Toh meski tidak melakukan hal seperti ini pun, keduanya tetap bermusuhan. Setidaknya dia tidak mau Lucas memfokuskan kecurigaanya pada Hafiz. Bisa-bisa Hafiz dalam bahaya nanti. Yuri tidak bisa membayangkan apa yang mungkin dilakukan Lucas pada Hafiz, jika dia terus mencurigai Hafiz sebagai pelaku pelaporan pabriknya pada DDF.


"Ilham?" gumam Lucas.


"Hm. Bukannya saat rapat waktu itu, dia sendiri yang bilang kalau dia memiliki teman di Kamboja? Pastilah dia meminta bantuan temannya untuk melaporkan Indopenh Group. Aku yakin itu!" kata Yuri mencoba memprovokasi. Apa pun yang terjadi dia tidak akan membiarkan Hafiznya dalam bahaya.
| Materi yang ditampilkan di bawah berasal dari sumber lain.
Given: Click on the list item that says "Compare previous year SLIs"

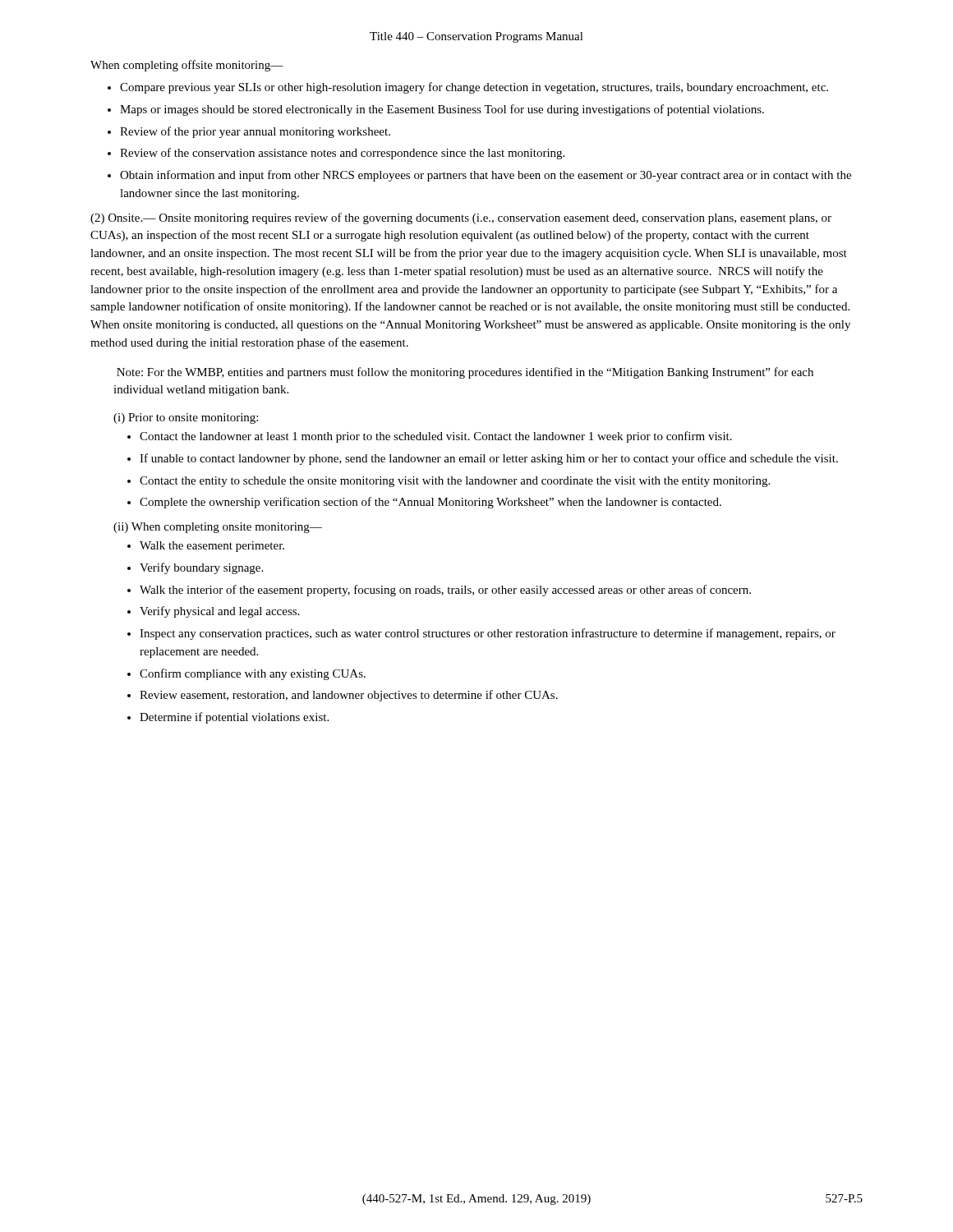Looking at the screenshot, I should (474, 87).

Lucas manggut-manggut sejenak, berpikir atas perkataan Yuri. Sepertinya masuk akal. Walaupun Hafiz mungkin dilibatkan dalam hal ini tetapi tetap saja Ilham yang paling berperan penting dalam hal ini. Pasti dialah yang menjadi otak dalam semua permasalahan ini. Tunggu saja sampai dia menyelesaikan masalah ini, dia akan membuat perhitungan pada cucu musuh bebuyutannya ini! Pasti!
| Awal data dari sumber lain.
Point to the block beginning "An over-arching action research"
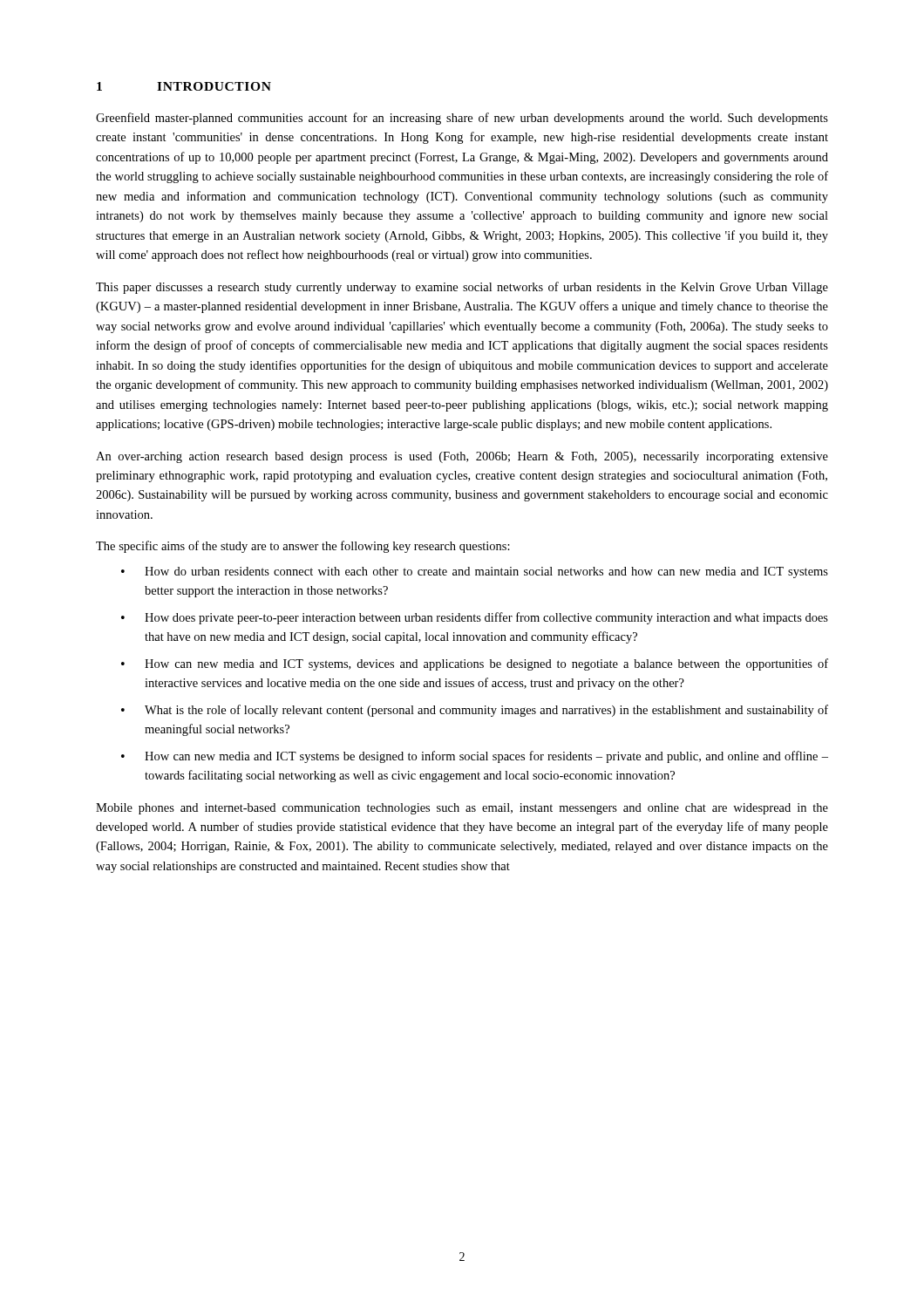 click(462, 485)

"Kau awasi terus N-one!" perintahnya pada Yuri. "Mereka belum melakukan sesuatu, kan?" tanyanya.


Di saat yang bersamaan, ada panggilan masuk lain dari kontak lain. Hati Yuri rasanya bergejolak melihat kontak itu meneleponnya. Orang yang baru dua hari ini tidak ditemuinya namun berhasil membuatnya sangat rindu. Ya Tuhan, rasanya dia ingin mengangkat telepon ini sekarang!


"Yuri?"


"Hah?" Konsentrasi Yuri berbicara dengan Lucas benar-benar buyar saat melihat nomor kontak yang berusaha menghubunginya ini.


"Aku bertanya. Apa mereka melakukan sesuatu yang mencurigakan di N-one? Apa mereka telah memutuskan untuk memberikan posisi Ketua Pengarah pada bocah itu? Hafiz maksudku ..." tanya Lucas memperjelas maksudnya.
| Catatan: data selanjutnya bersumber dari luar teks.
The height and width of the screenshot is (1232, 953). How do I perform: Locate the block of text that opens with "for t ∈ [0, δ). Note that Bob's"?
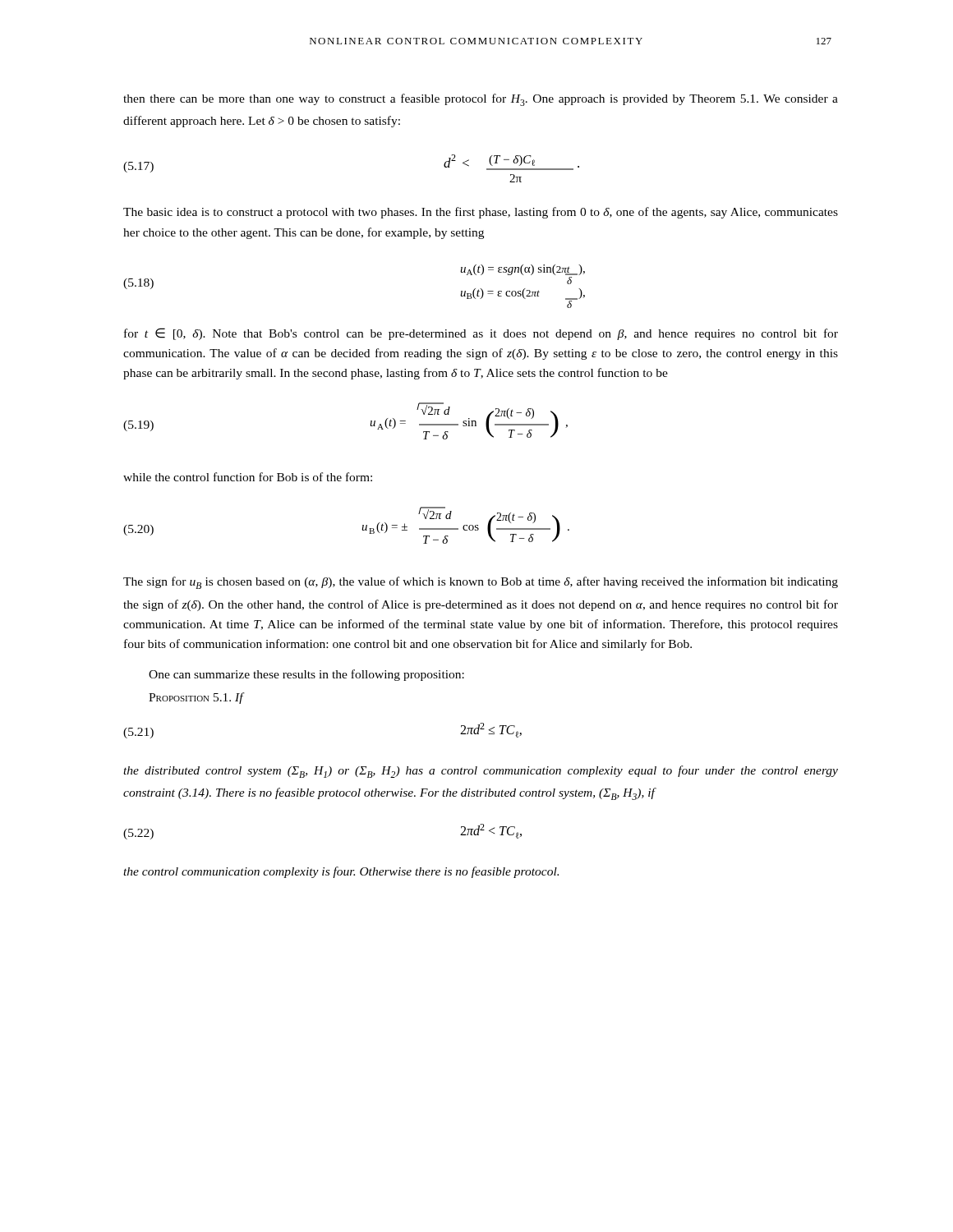481,353

"Emm, anu .... Saya nggak pergi ke N-one sejak hari itu. Tetapi sepertinya pemilihan ketua pengarah itu dipending sementara waktu. Yang memegang posisi sementara adalah Leon, wakil ketua pengarah yang lama. Hal itu diputuskan oleh Ilham," tutur Yuri sedikit gugup.


Rasanya ingin sekali saat ini dia mematikan sambungan telepon dengan orang tua ini dan mengalihkannya dengan sambungan telepon lain yaitu Hafiz. Tetapi dia tidak berani. Dia tidak mau mengambil resiko.

__ADS_1


"Baiklah, kalau begitu situasi di KL masih terkendali berarti ya?"


"Ya kurang lebih begitulah, Pak!"


"Ya sudah kalau begitu, aku matikan dulu teleponnya. Kalau ada kabar apa pun yang berkaitan dengan N-one dan keluarga Nirwan itu, kabari aku secepatnya!"


Yes! Akhirnya! Hati Yuri bersorak girang.


"Baik, Pak!"


Dan begitu panggilan telepon itu mati, hal pertama yang dilakukan Yuri adalah menghubungi Hafiz kembali. Setelah mendial beberapa kali, akhirnya teleponnya diangkat juga.


"Hafiz, kamu meneleponku tadi? Maaf, orang tua itu sedang meneleponku tadi," kata Yuri beralasan.


"Yuri, alamat lengkapmu dimana? Aku ingin berjumpe..."


"Ha?" Yuri bengong selama beberapa detik.


"Kamu kate, kat sini kamu duduk (tinggal) di Setiawangsa, kan? Aku tengah berada kat sini! Share loc!" Suara Hafiz terdengar datar.


"Eh, tapi tumben? Memang mau ngapain?" Yuri seketika menjadi gugup.


"Aku rindu."


Hati Yuri seakan ingin meledak. Tetapi kenapa suara Hafiz terdengar datar?


Ah, bodo ah! Mungkin saking rindunya, makanya terdengar seperti itu. Pokoknya ketemu aja dulu! Yessss! Putri bersorak dalam hati.


***


Hayuuuuk, Yuri! Tumben-tumbenannya tuh Hafiz mau ketemu kamu.